A crise já vinha se desenhando nos dois lados fronteiriços há duas semanas, desde que os primeiros casos de coronavírus começaram a pipocar no Brasil e no Uruguai. Agora chegou para valer. O restaurante Texacu's, situado no lado brasileiro, a um quarteirão da linha fronteiriça, costuma vender 150 refeições por dia. Vendeu 20 na sexta-feira (20) até as 14h, quando foi obrigado a fechar.
— Estamos dando férias coletivas para os 18 funcionários, sem prazo para volta — resume o proprietário do Texacu's, Diego Liska, que apoia a medida extrema da prefeitura, de fechar o comércio.
— Tem de comungar, não pode ir contra. É a favor de todos — opina.
Situado próximo dali, o Costa Café Bistrô também fechou as portas por determinação oficial. Os 18 funcionários entraram em férias forçadas.
— Uma tristeza, mas a gente entende o administrador público — comenta o proprietário Moisés Costa.
Uma das maiores preocupações é a Semana Santa, o grande feriado do ano para os uruguaios, que costumam passar a Páscoa no Brasil. Neste ano, a entrada de turistas motorizados — de ônibus ou carro — está proibida. Só caminhões podem cruzar.
Os raros turistas, que desde sexta-feira driblam os vetos para um passeio a pé pelas calçadas fronteiriças têm de procurar o lado uruguaio para ir a um restaurante. Na Sarandi, o dono de uma parrillada (assado típico uruguaio) está dividido quanto à quarentena para o comércio. É um dos poucos com permissão para abrir, mas os clientes estão escassos. Pensa em cerrar portas não por ordem oficial, mas por falta de frequentadores.
Com relação aos funcionários, um consolo: ao contrário do lado brasileiro, onde quem paga o salário dos dispensados é o patrão, no Uruguai existe previsão de o governo ajudar a custear a fatura causada pelo vírus.
— Aqui a empresa paga 50% do salário e o governo paga outros 25%. Isso vale por 30 dias, renováveis por mais 30, para funcionários dispensados temporariamente por algum desastre natural — informa o proprietário do restaurante, que prefere conceder entrevista sem dar o nome ou fotos.

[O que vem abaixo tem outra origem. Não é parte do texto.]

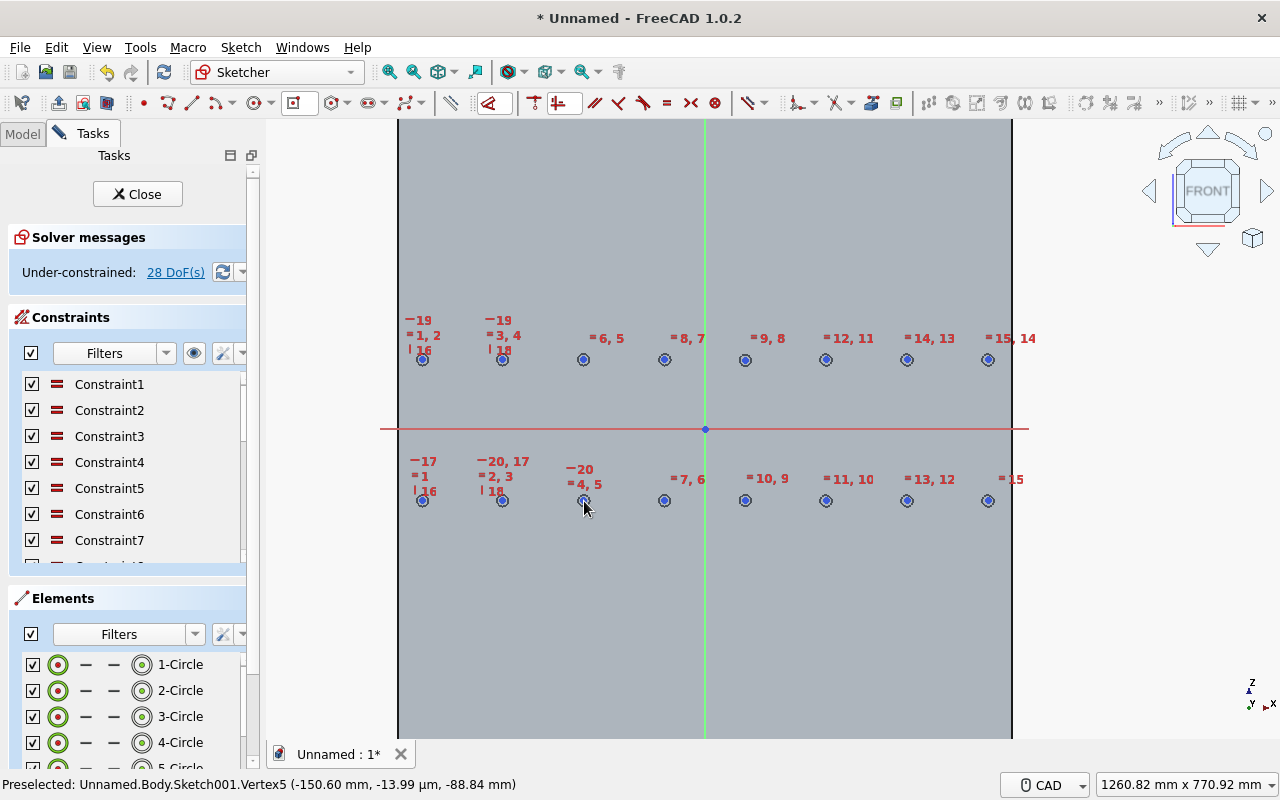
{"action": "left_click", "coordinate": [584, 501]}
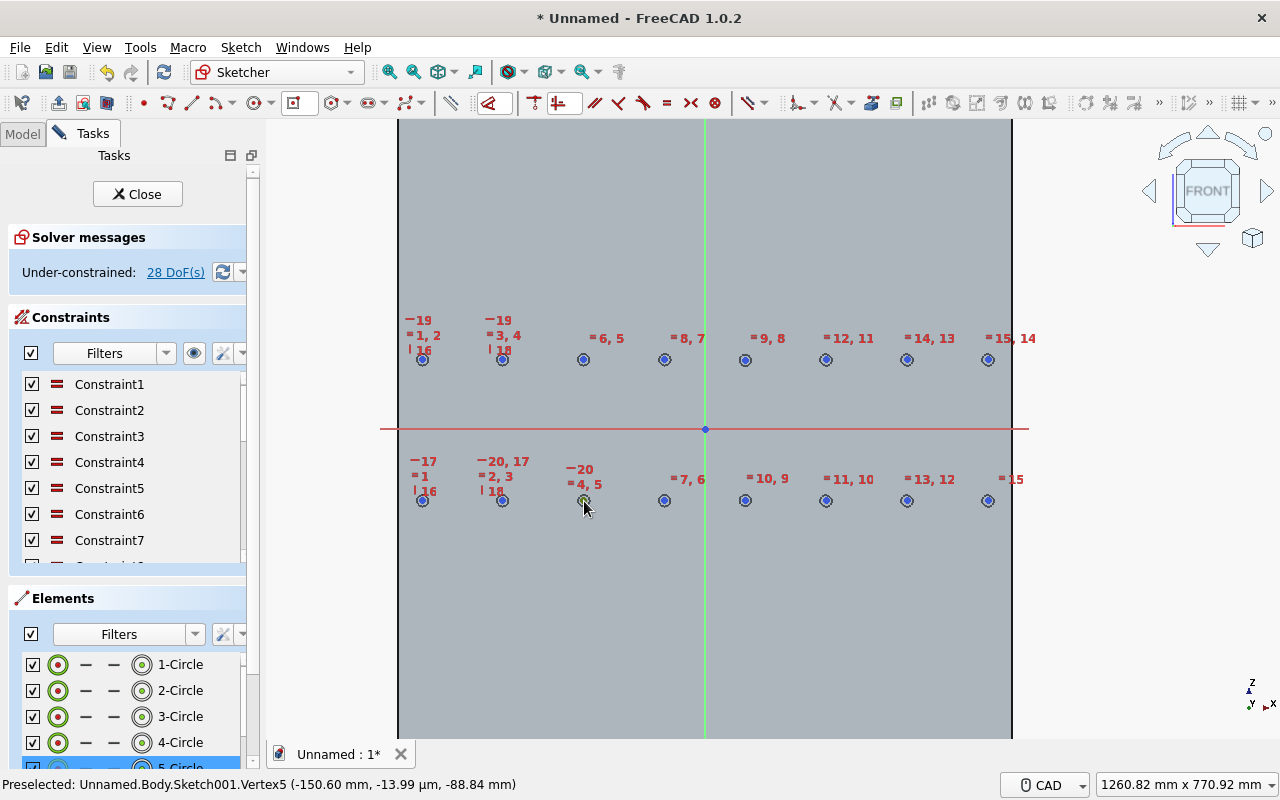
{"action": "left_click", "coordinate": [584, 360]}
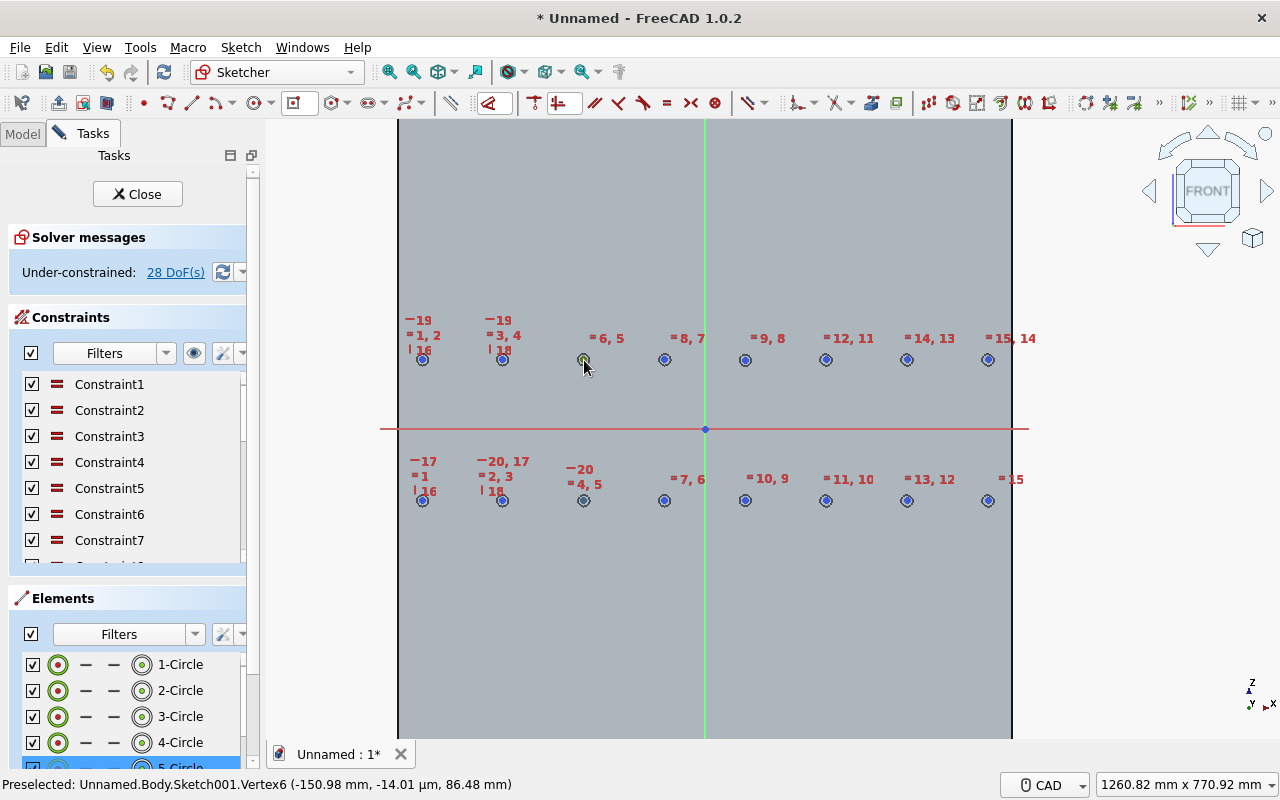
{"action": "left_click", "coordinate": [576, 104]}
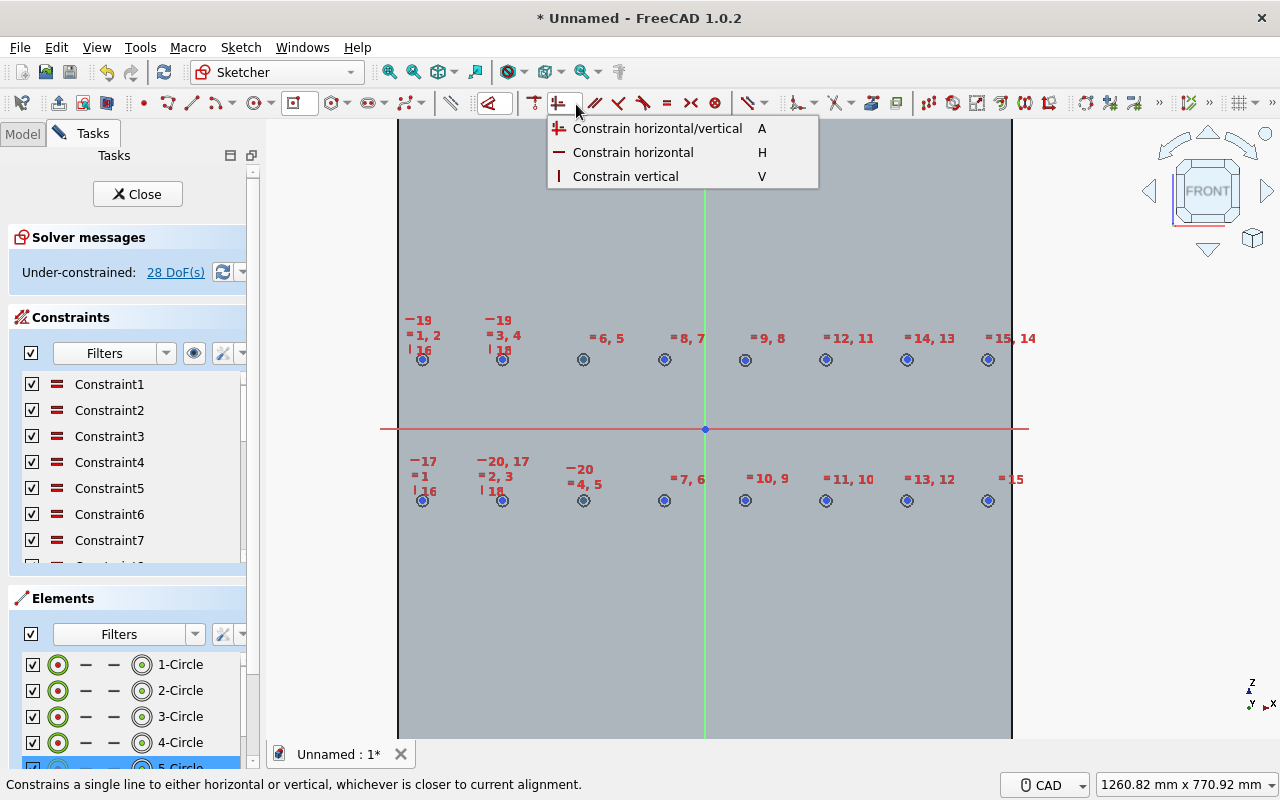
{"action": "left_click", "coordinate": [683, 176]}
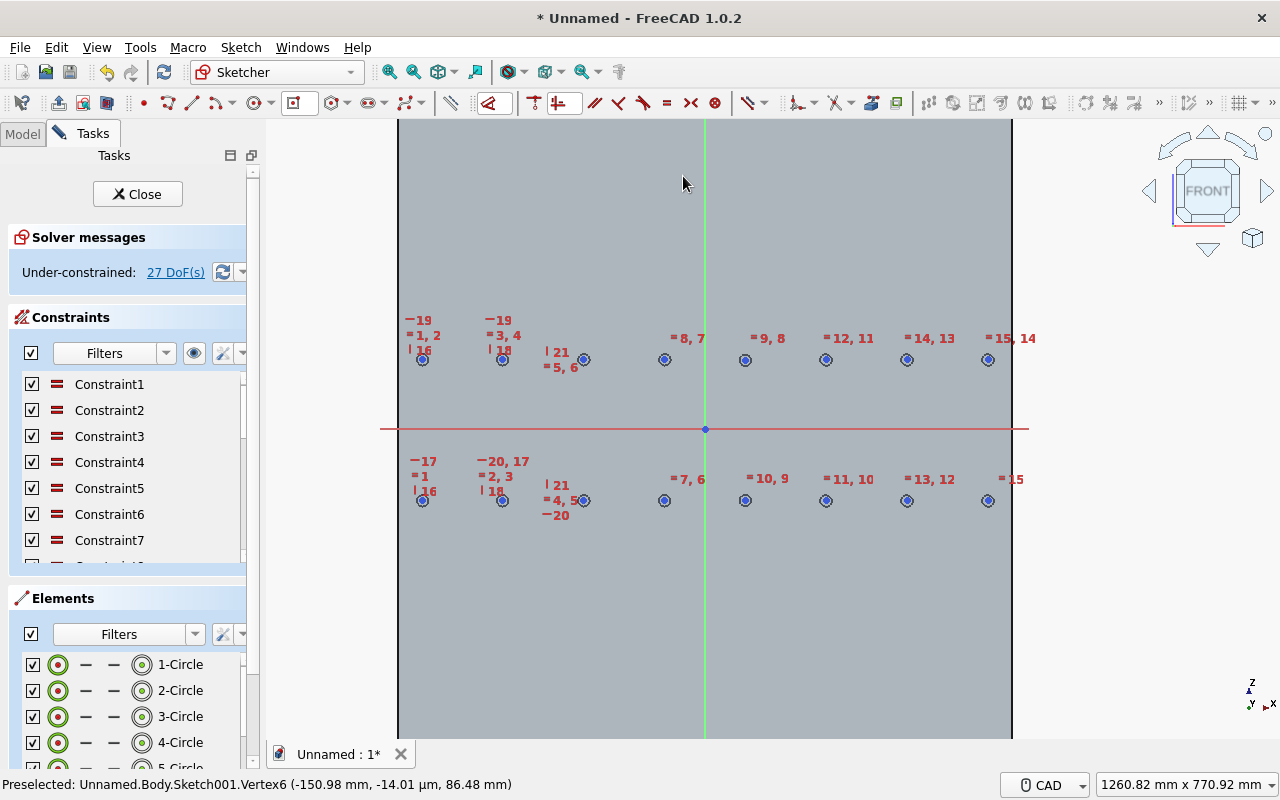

O presidente uruguaio, Luis Lacalle Pou, anunciou reforço da verba governamental para esse tipo de seguro.
De máscaras e luvas pelas ruas

Ao contrário da maioria das capitais brasileiras, a fronteira aderiu em peso a máscaras e luvas. Basta ficar alguns segundos parado numa sinaleira para topar com motoristas e motoqueiros usando os itens de proteção.
Policiais uruguaios também aderiram a máscaras e luvas finas. Frentistas de postos de gasolina, idem, inclusive no lado brasileiro da fronteira. Em algumas farmácias, as portas foram fechadas e os funcionários atendem através de janelas, também usando equipamento de proteção para nariz e mãos. Vários estabelecimentos no Brasil estão com filas na frente, formadas por pessoas em busca de álcool gel.
Pelas calçadas, casais passam mascarados, sem despertar olhares de espanto. A proteção virou rotina.
— Essa gripe não é bromeo (brincadeira) - resume Adriana Santana, que é doble chapa (cidadã uruguaia e brasileira, fenômeno comum na fronteira).
Dona de casa, ela e o namorado, Ádrian Gomes, passeavam na tarde de sexta-feira por uma Avenida Sarandi quase deserta. Os dois de máscara cirúrgica.
Ádrian diz que trabalha como cortador de mato numa área de reflorestamento em Rivera e foi dispensado, assim como dezenas de colegas, por causa do coronavírus. Como é trabalhador temporário, safrista, ficou sem garantias salariais.
— Se a epidemia demorar, vou ter dificuldade até para me sustentar — reclama.